Criteria: The Catholic Film Podcast
On the morning of January 15, 1944, Nazis raided a boarding school for boys in Avon, France. The Carmelite monks who ran the school had been hiding some Jewish boys there under false names. As a number of the children and teachers watched, three of their classmates were led away by the Nazis, along with the headmaster, Pere Jacques, who turned back to say only, "Au revoir, les enfants" ("Goodbye, children"). The three boys died in Auschwitz, and the priest went to Mauthausen, dying only a few weeks after the camp was liberated by US forces.
Among the children standing by on that unforgettable day was the future French film director Louis Malle. Decades later in 1987, he would memorialize the experience, the boys and the priest (whose cause for canonization was opened in 1990). The film is included on the Vatican's 1995 list of important movies under the category of Values.

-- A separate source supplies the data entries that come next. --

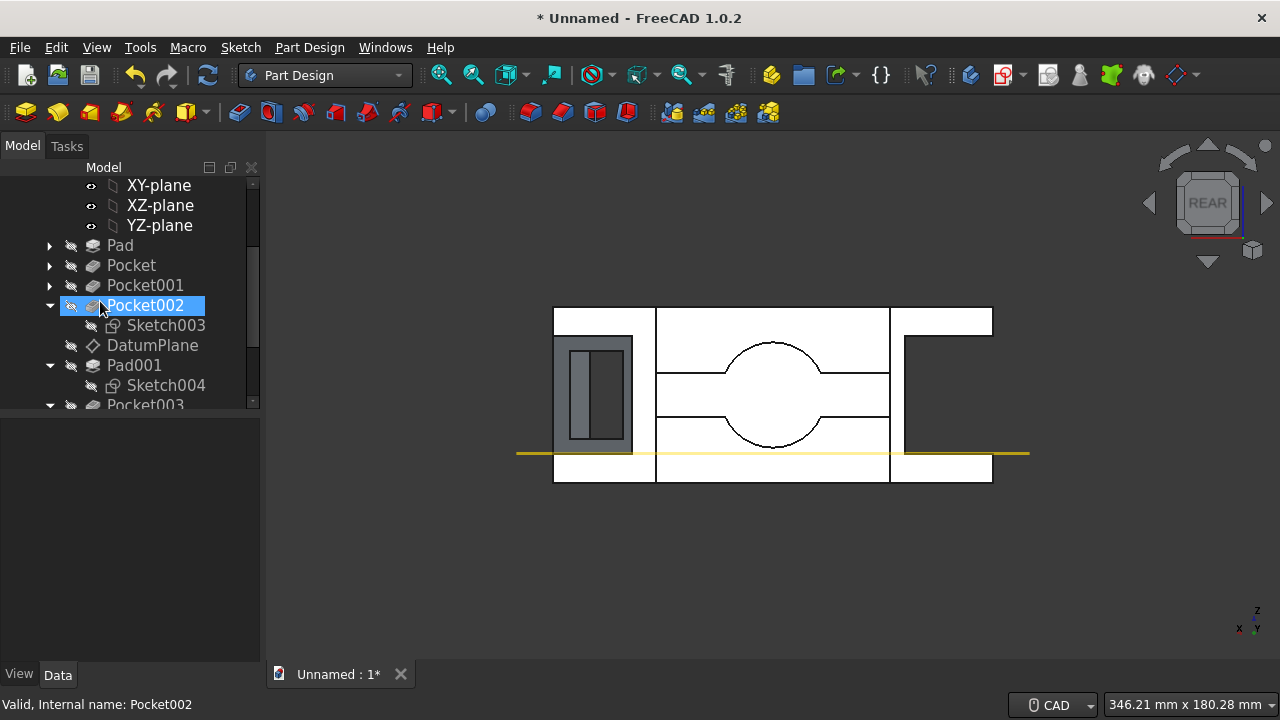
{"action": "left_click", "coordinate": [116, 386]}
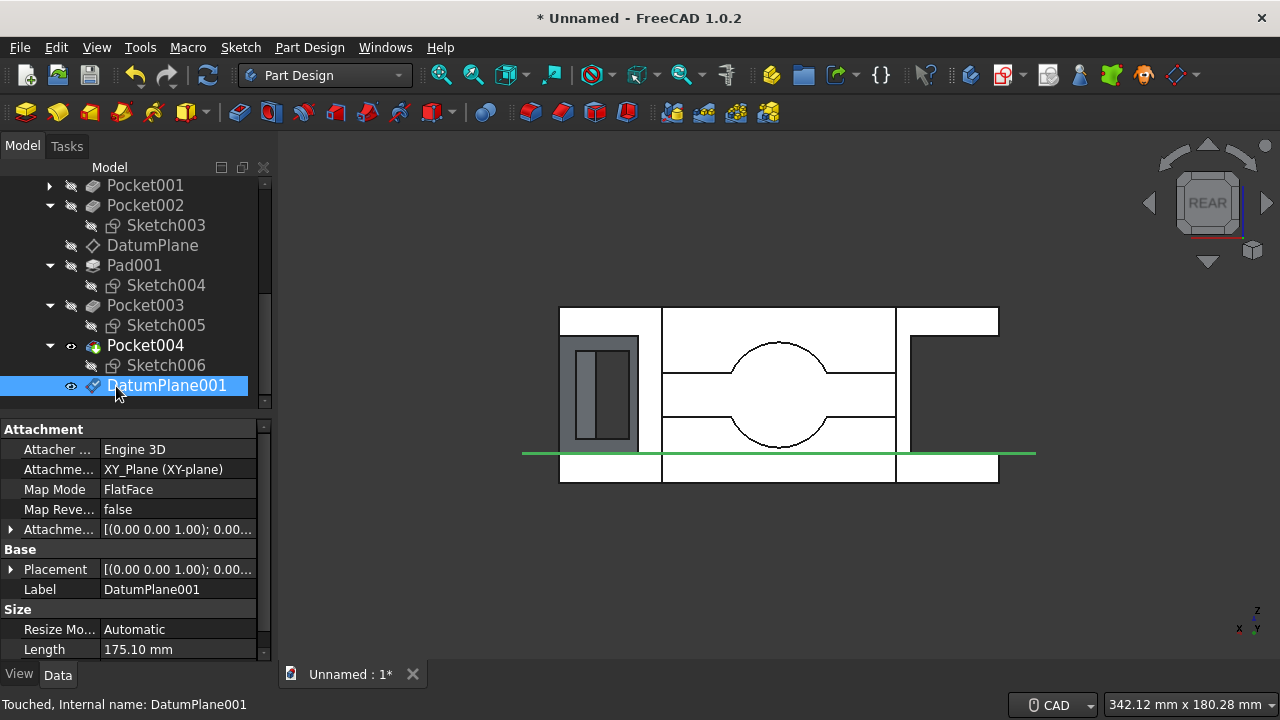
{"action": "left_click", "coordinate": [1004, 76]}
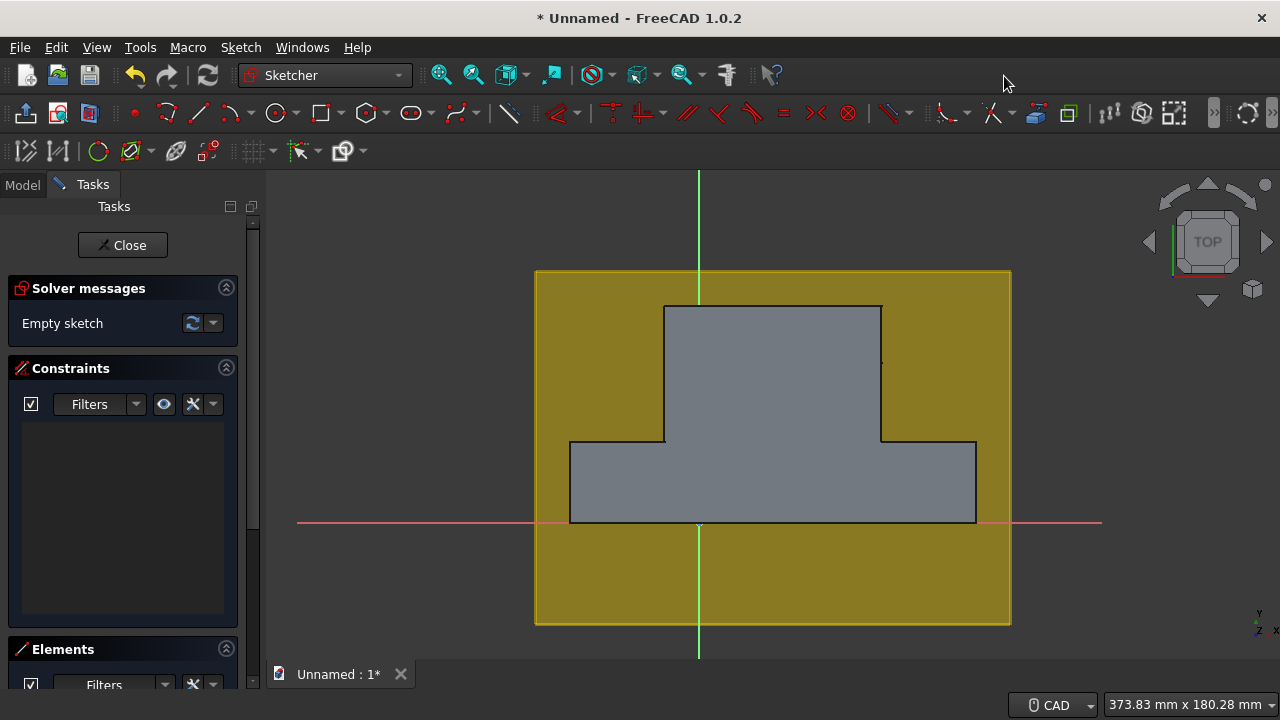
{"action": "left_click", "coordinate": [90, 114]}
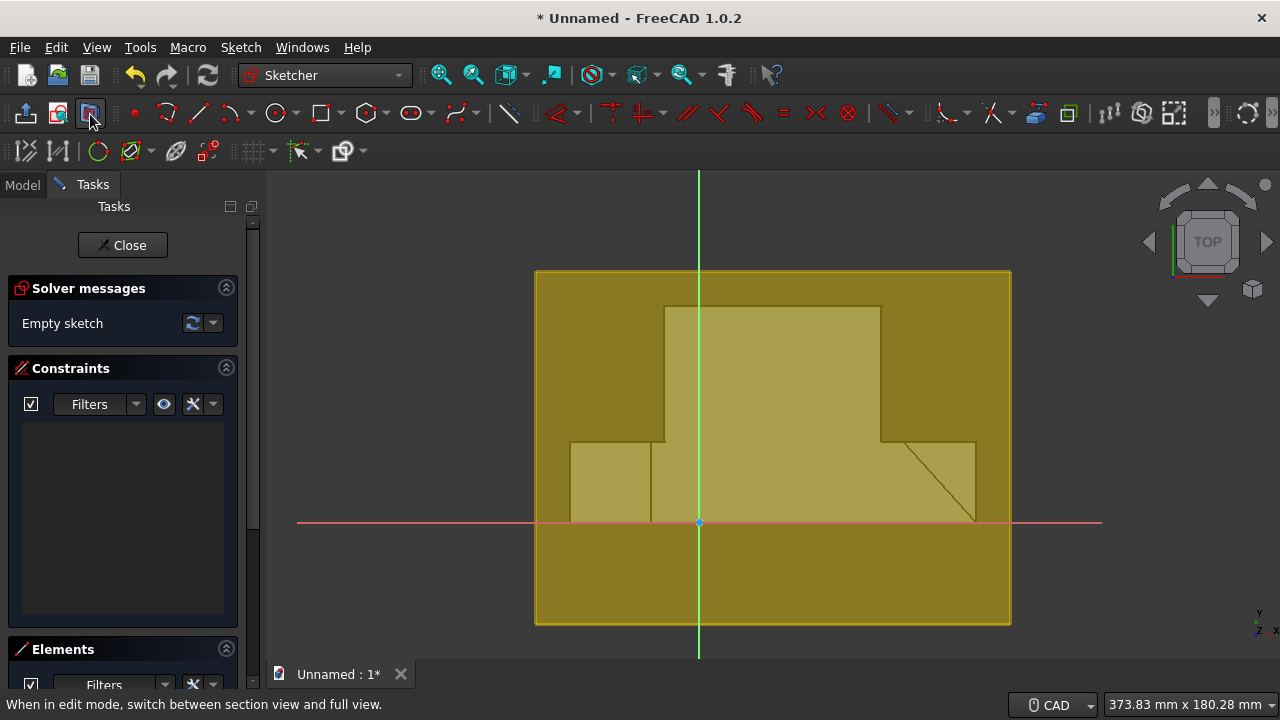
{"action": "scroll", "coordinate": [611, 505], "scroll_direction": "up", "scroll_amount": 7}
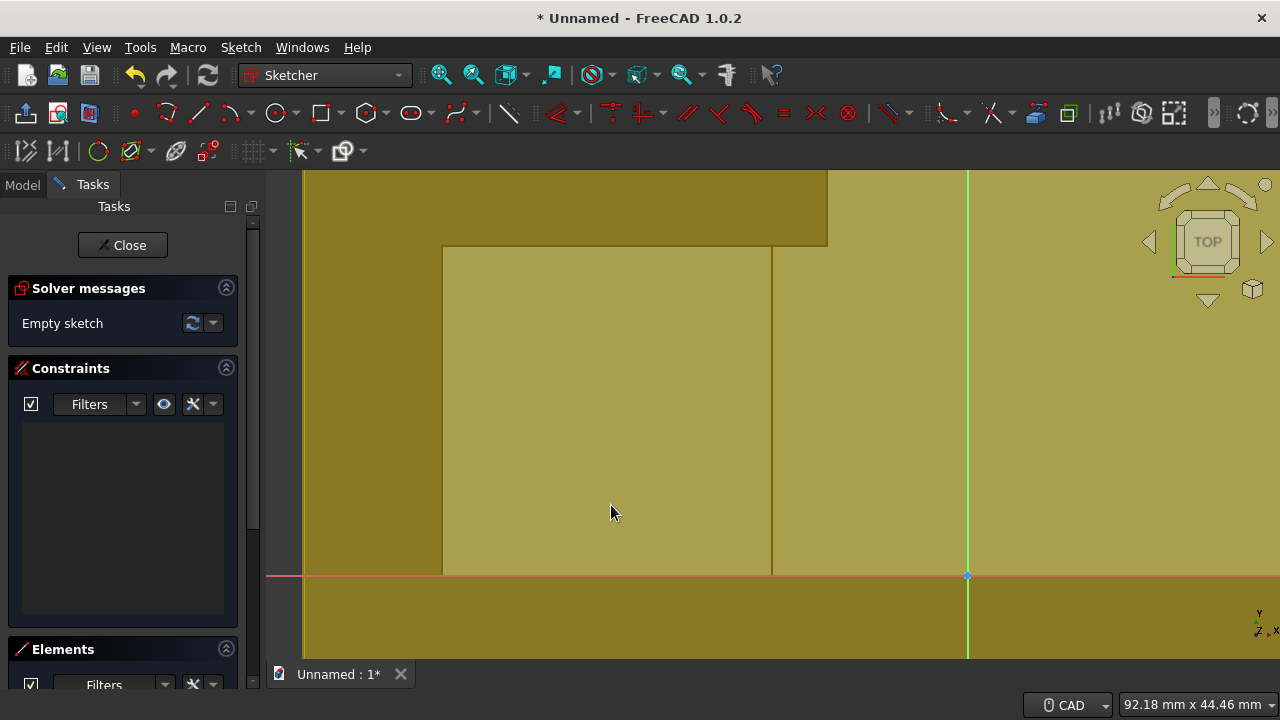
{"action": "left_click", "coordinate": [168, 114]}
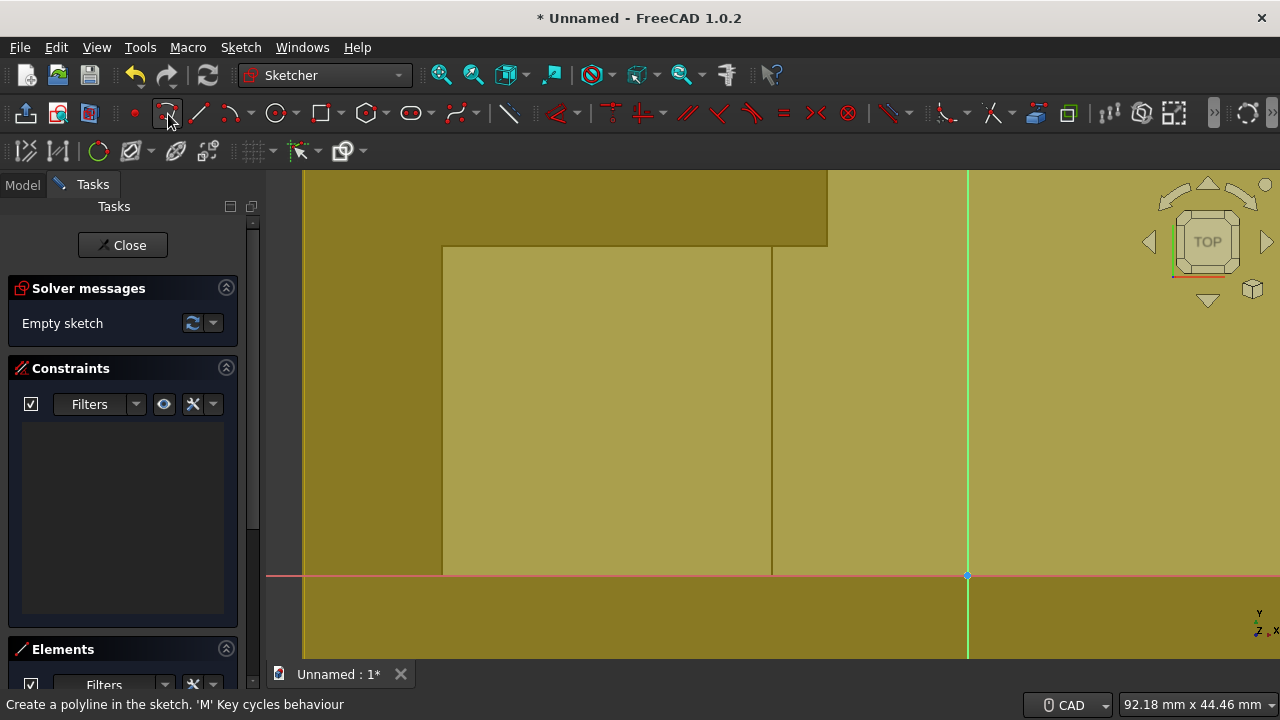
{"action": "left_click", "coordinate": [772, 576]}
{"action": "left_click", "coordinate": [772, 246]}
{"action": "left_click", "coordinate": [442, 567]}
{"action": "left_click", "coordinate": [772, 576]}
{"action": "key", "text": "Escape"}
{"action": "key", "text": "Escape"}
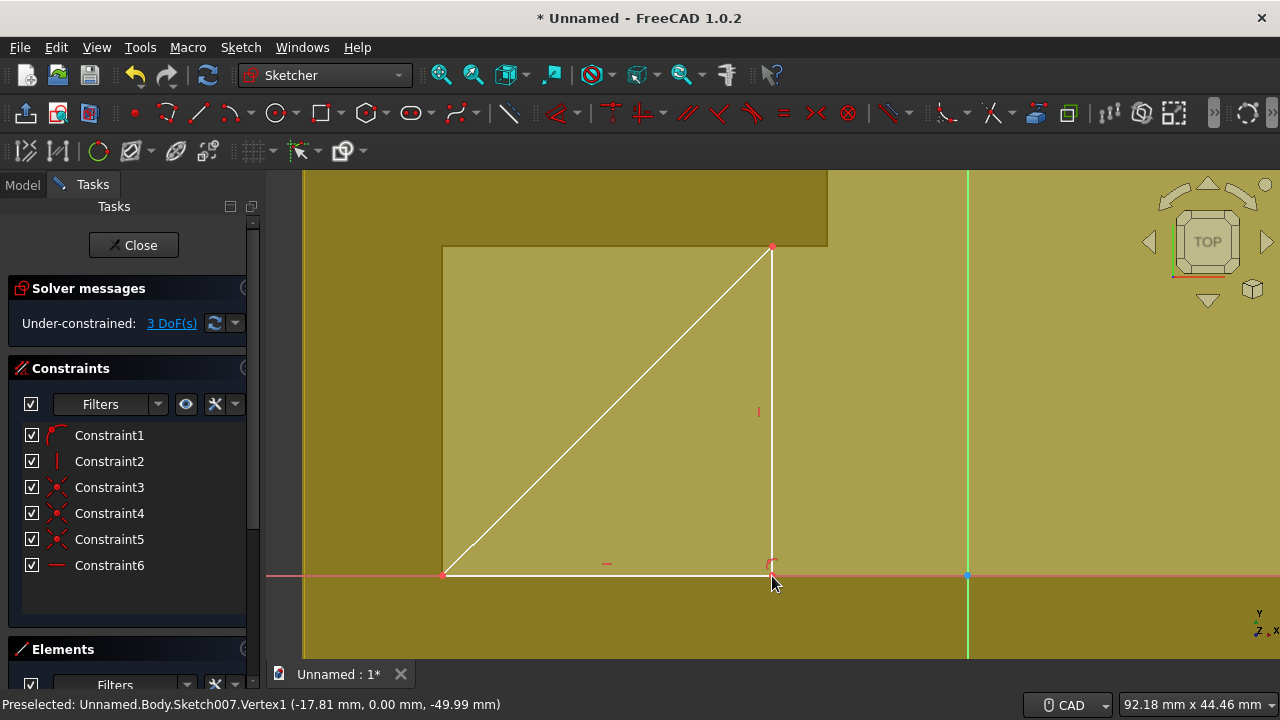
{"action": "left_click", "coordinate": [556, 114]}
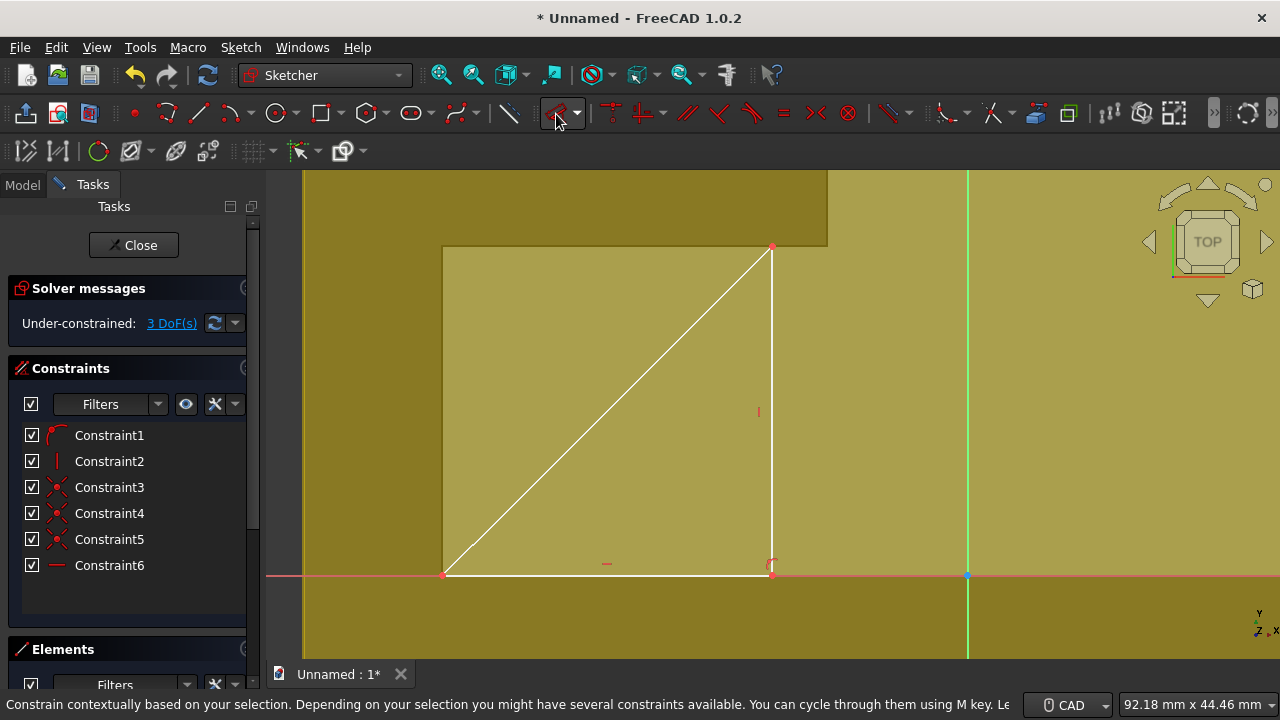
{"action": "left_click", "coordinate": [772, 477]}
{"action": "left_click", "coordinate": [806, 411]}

But Au Revoir les Enfants is about much more than the Holocaust. The bulk of the film is a kind of slice-of-life experience of a French Catholic boarding school. The children in the story don't know what is going on behind the scenes, and Malle proves deft at developing the plot in an unemphatic and invisible manner until the end. It is a coming-of-age story, a Holocaust story, and the story of a heroic priest-martyr all in one.
Note: In this episode, we mistakenly referred to the main character as “Lucien”. His name, in fact, is Julien.